Utah sect leader's rape trial near end

St. George, USA - Authorities who claim the leader of a polygamous sect committed rape by coercing a 14-year-old girl to marry her cousin are persecuting him because of his religion, a defense attorney said Friday before the case was given to the jury.

Jurors, who were questioned about their opinions on polygamy before being chosen for the trial, listened as lawyer Wally Bugden told them the practice was the crux of a feeble case against his client, Warren Jeffs.

"His church, his religious beliefs is what's on trial here and it's being dressed up as a rape," Bugden said.

Jeffs, president of the Fundamentalist Church of Jesus Christ of Latter Day Saints, is charged with rape as an accomplice. The young woman, now 21, has testified that she feared for her salvation if she did not go through with the wedding in 2001.

Jeffs, 51, is not charged with polygamy.
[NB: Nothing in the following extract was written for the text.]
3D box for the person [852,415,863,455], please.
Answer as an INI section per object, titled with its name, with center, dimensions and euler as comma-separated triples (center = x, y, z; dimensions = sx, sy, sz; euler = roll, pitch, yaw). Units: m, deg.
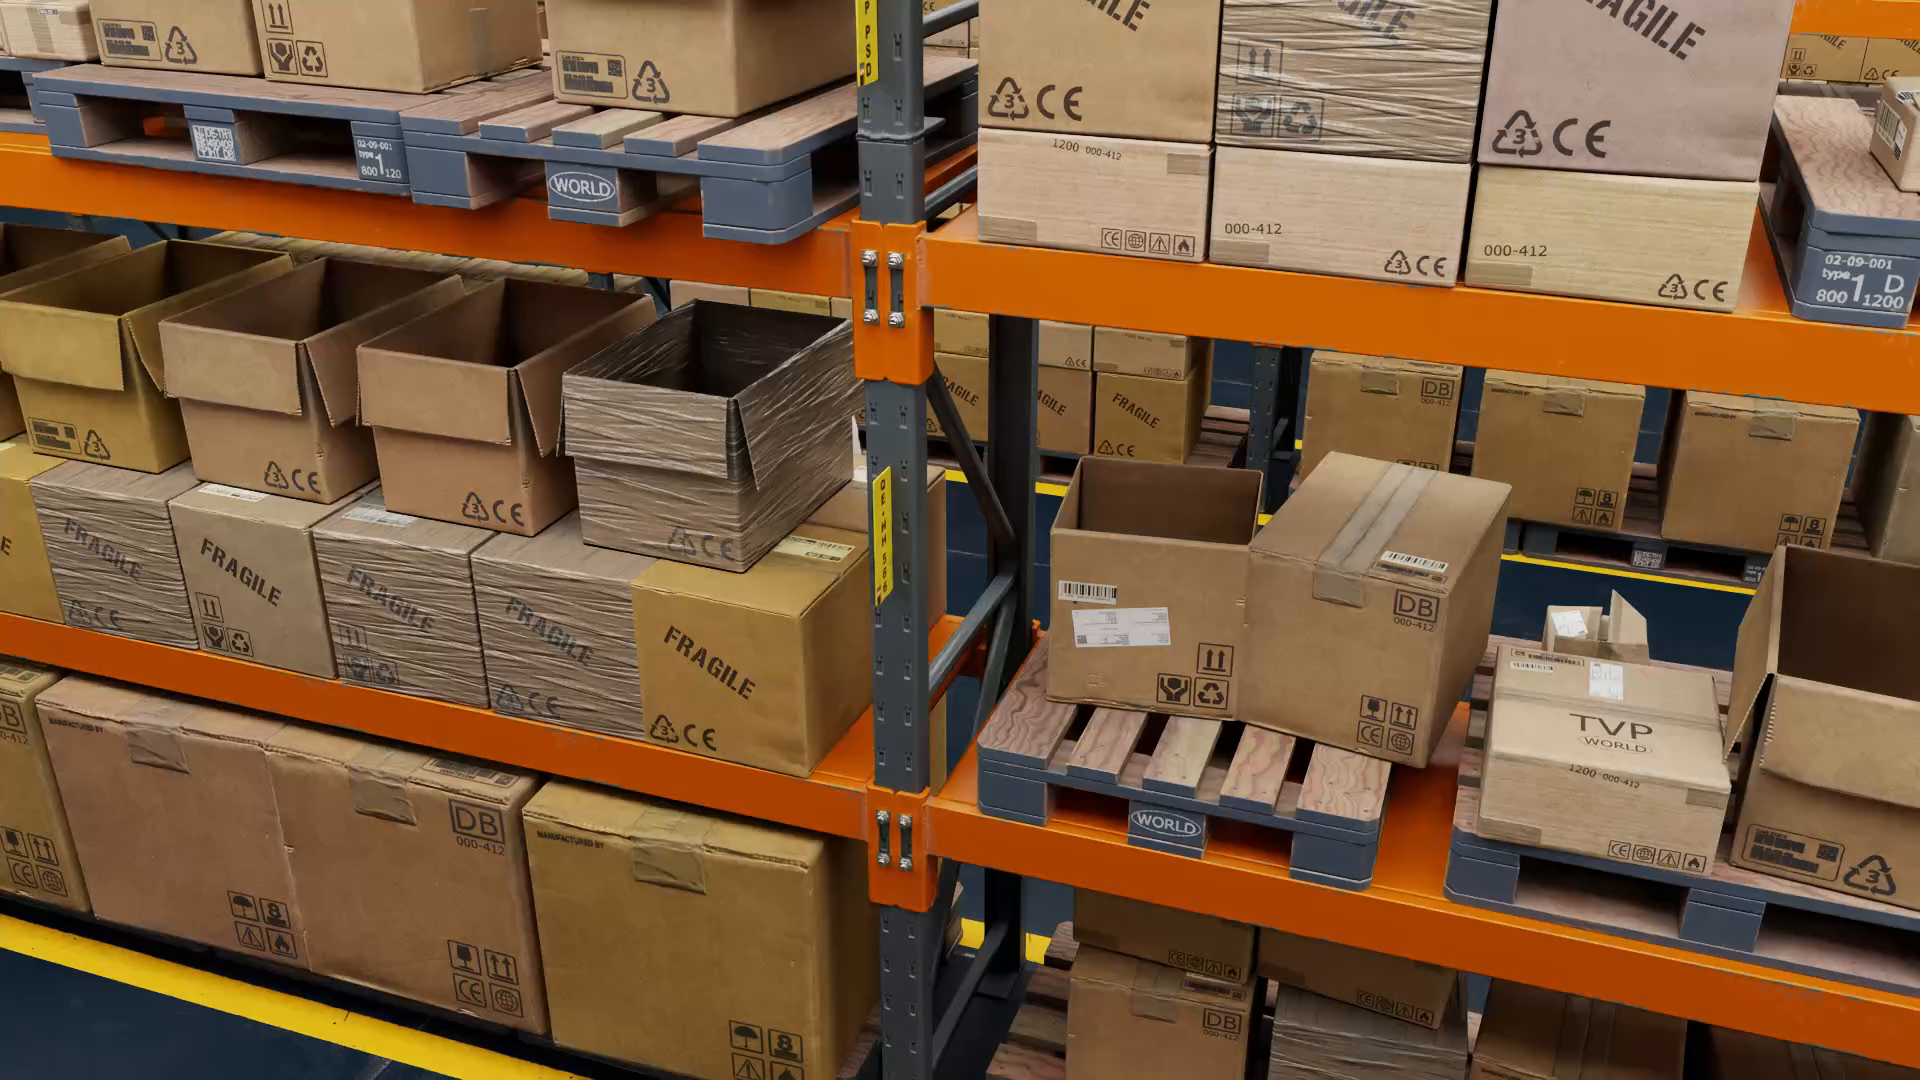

The church he leads endorses polygamy and represents itself as an offshoot of the mainstream Mormon church, which disavows any connection and renounced polygamy in 1890 as a condition of statehood.

Jurors deliberated for about two hours without reaching a verdict. They are scheduled to reconvene Monday.

Prosecutor Brock Belnap said Jeffs was in a position of "special trust" and held that over the woman.

"Warren Jeffs was a principal and a teacher and religious leader in that community for 20-some-odd years, teaching young girls that they must keep the bars up and treat boys like snakes. But when they get married, to let the bars down," Belnap told the jury, which began deliberations Friday afternoon.

Bugden, however, noted that the woman waited several years before going to police.

Closing arguments followed five days of testimony in which the woman and her former husband, Allen Steed, gave conflicting accounts of Jeffs' influence over them, especially in sexual matters.

The woman spent nearly three days on the witness stand, sobbing as she recalled how she pleaded to avoid the marriage and begged Steed to end his sexual advances.

The woman testified she had sex weeks into her marriage after Steed said "it was time to be a wife and do your duty."

"I felt dirty and used," she said.

The Associated Press does not typically name people who allege sexual abuse.

Steed, now 26, disputed her account and has not been charged. He told jurors he never forced his wife to have sex and that she initiated their first sexual encounter.

He said Jeffs recommended patience and prayer for the couple, not submission and blind obedience.

Steed, too, cried, describing the heartbreak of trying to make the marriage work with a teenager who treated him sweetly in private but rejected his affections at other times.

"I wanted it to go on forever," Steed said.

His ex-wife ran from the courtroom during part of his testimony.

The 3 1/2-year marriage ended in 2004, after the woman became pregnant with another man's child. She left the church and is remarried.

In his instructions to the jury, Judge James Shumate said a 14-year-old, under Utah law, can consent to sex in some circumstances.

But that consent is eliminated, he said, when a person under 18 is "enticed" by someone at least three years older. Someone can be found guilty if he or she holds a position of "special trust" over another person under 18.